▶ _Exercise description_
The output should hold exactly, and only, the lines from the line bearing "This screenshot has width=1307, height=924." through the last line of the listing below, and no pictures.

▶ _Records_
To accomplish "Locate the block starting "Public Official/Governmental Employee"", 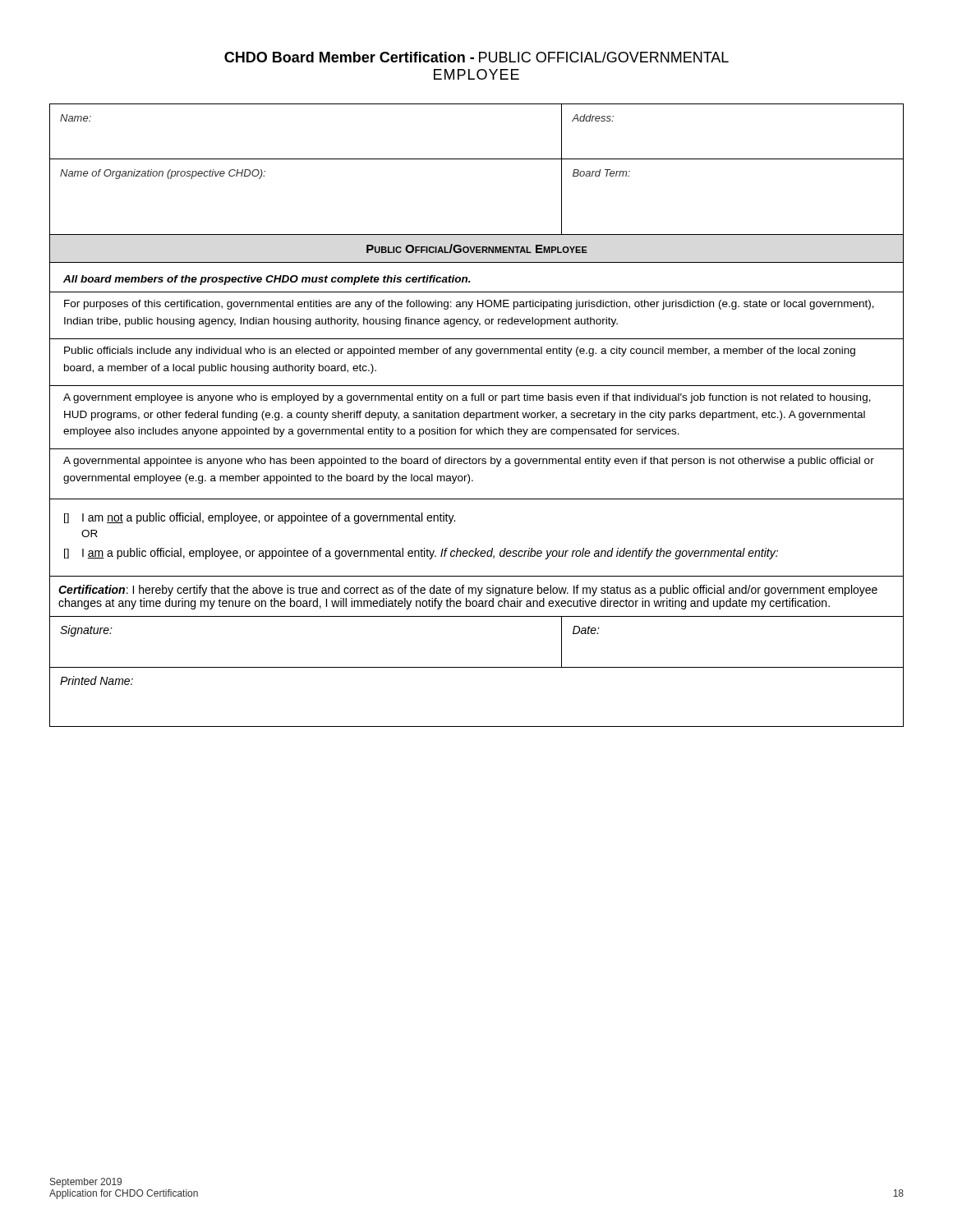I will 476,248.
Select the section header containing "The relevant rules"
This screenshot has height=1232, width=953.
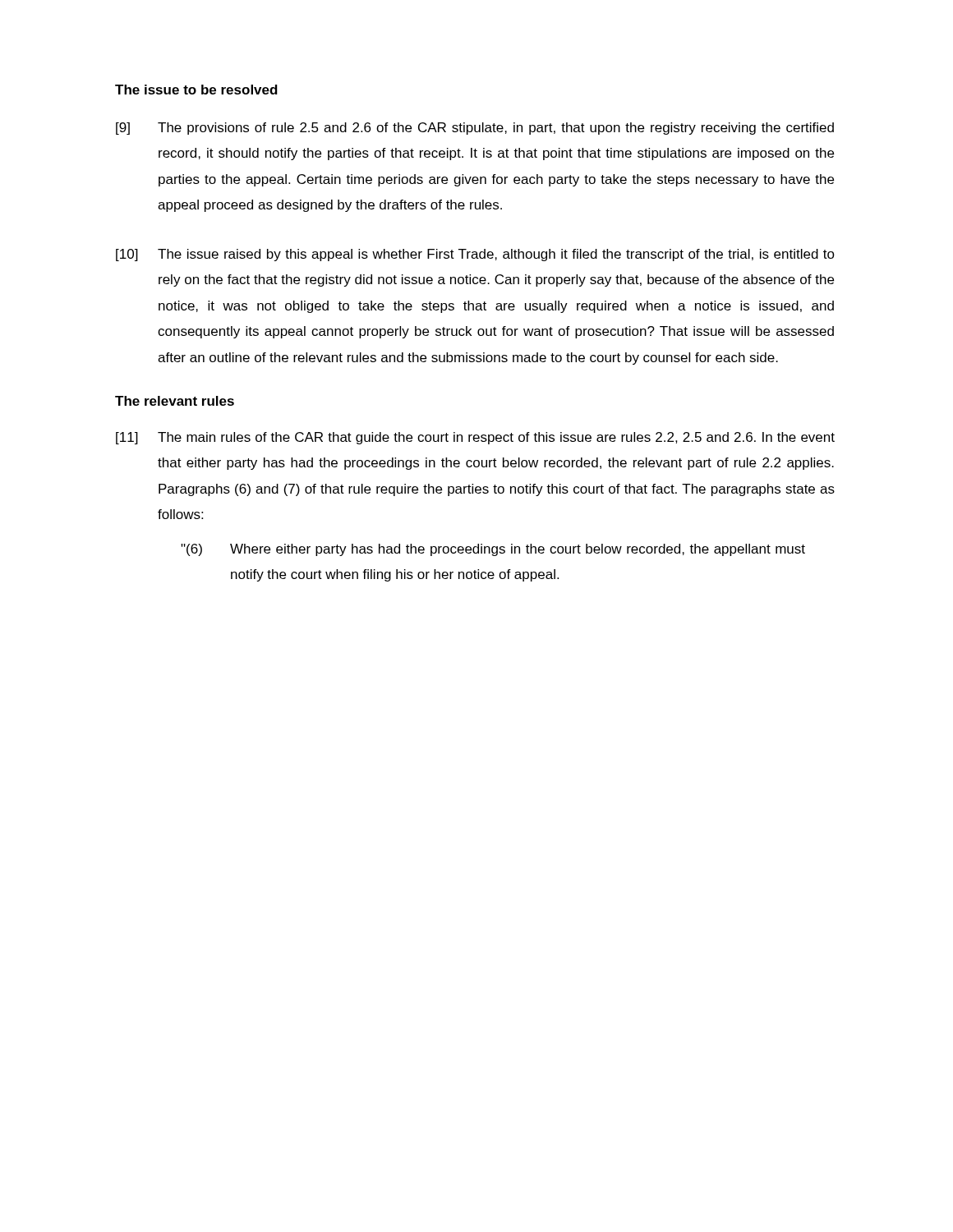(175, 401)
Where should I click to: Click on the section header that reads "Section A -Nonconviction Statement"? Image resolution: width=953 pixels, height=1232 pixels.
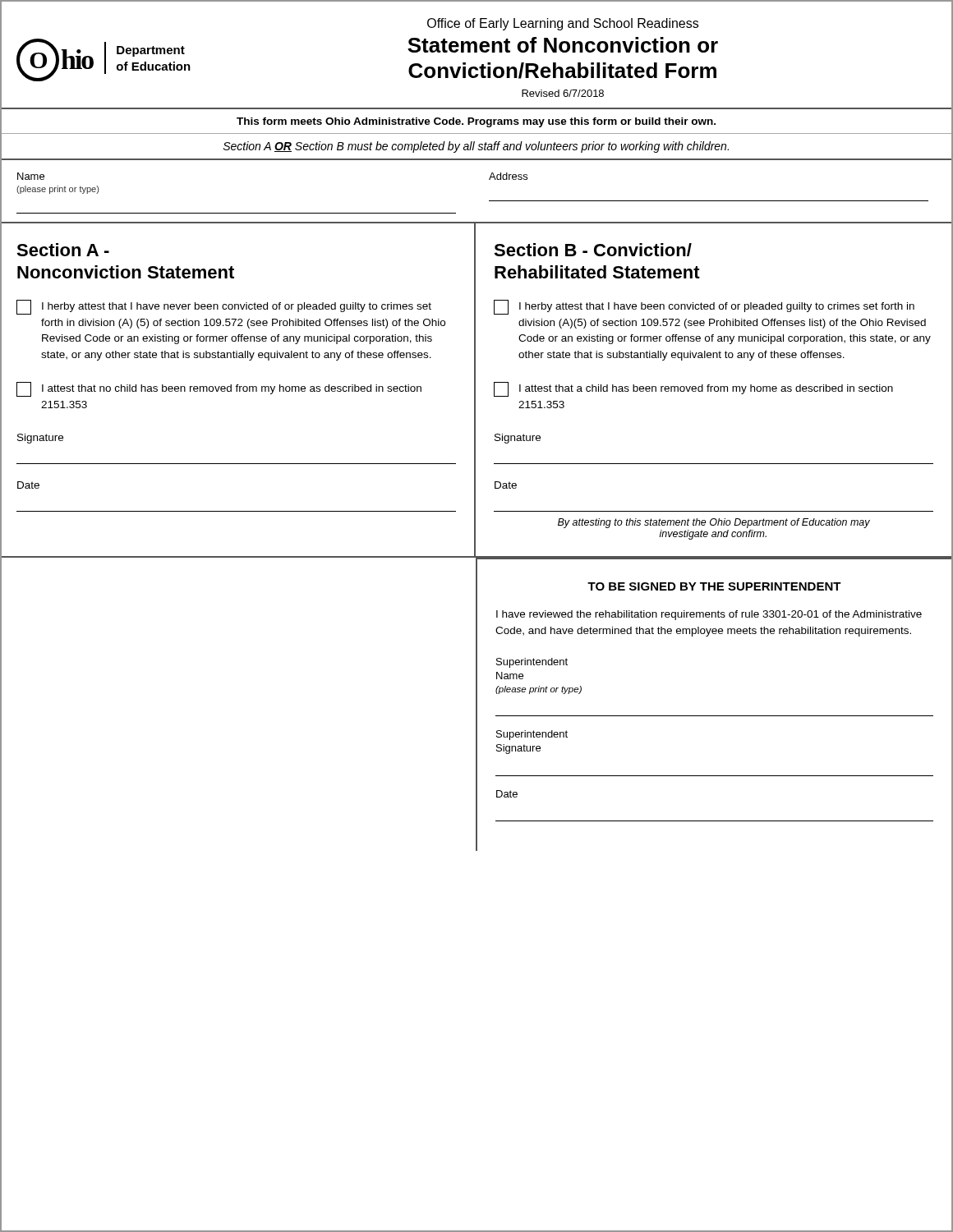pyautogui.click(x=125, y=261)
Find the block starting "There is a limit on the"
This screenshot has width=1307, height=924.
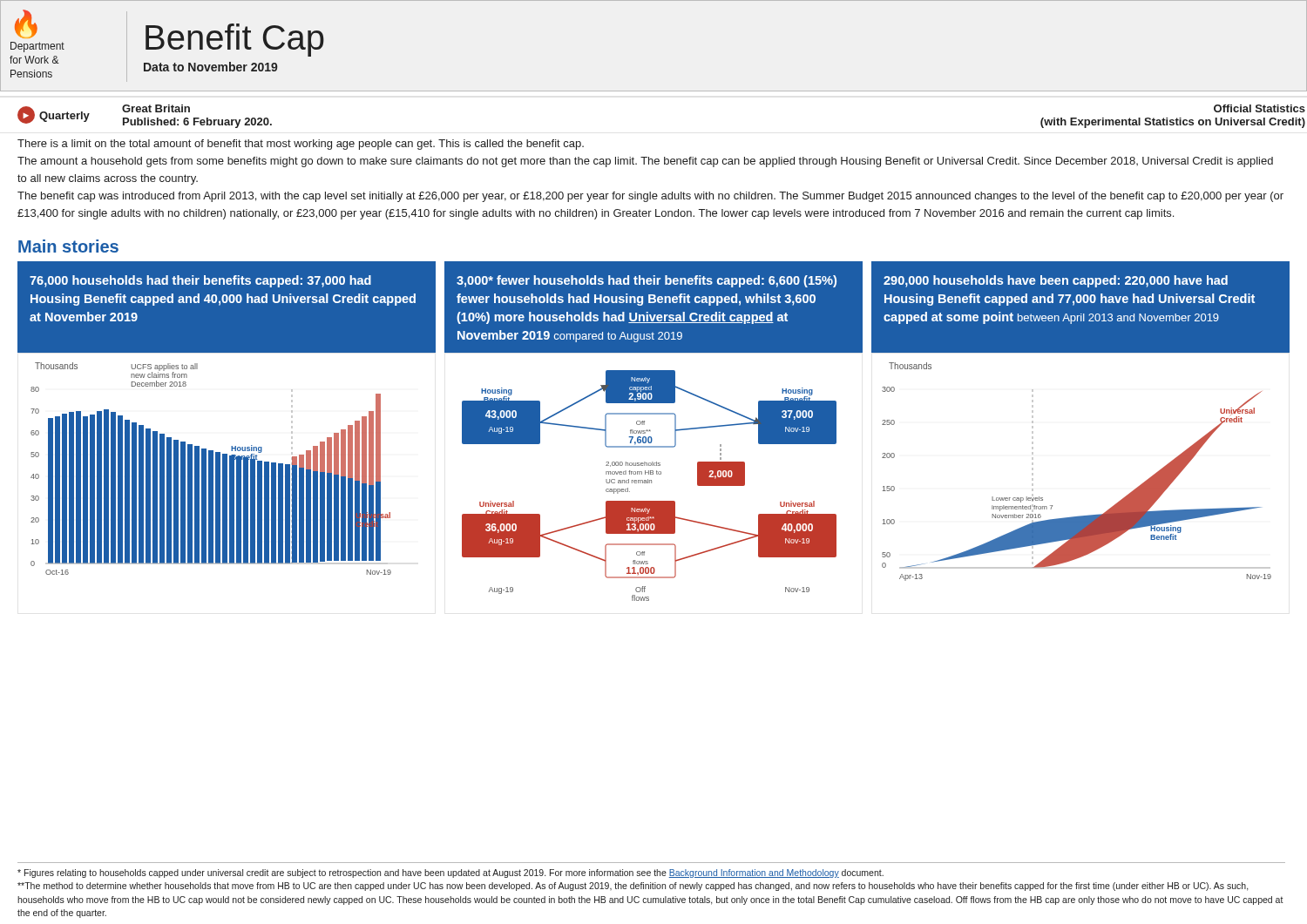645,161

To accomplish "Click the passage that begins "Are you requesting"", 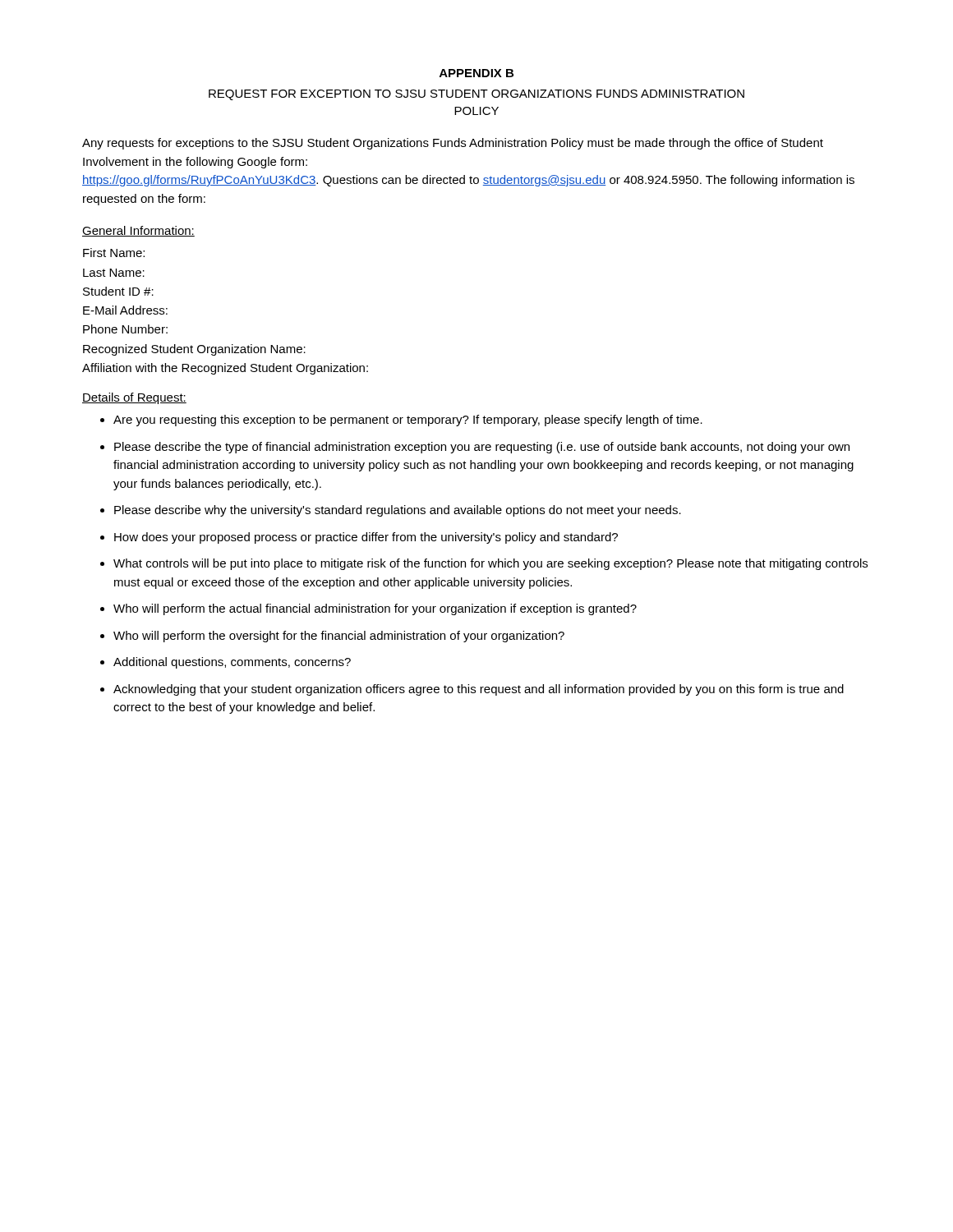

▶ _Solution for this task_
This screenshot has width=1307, height=924.
645,161

To accomplish "Click the passage that begins "Are you requesting"", 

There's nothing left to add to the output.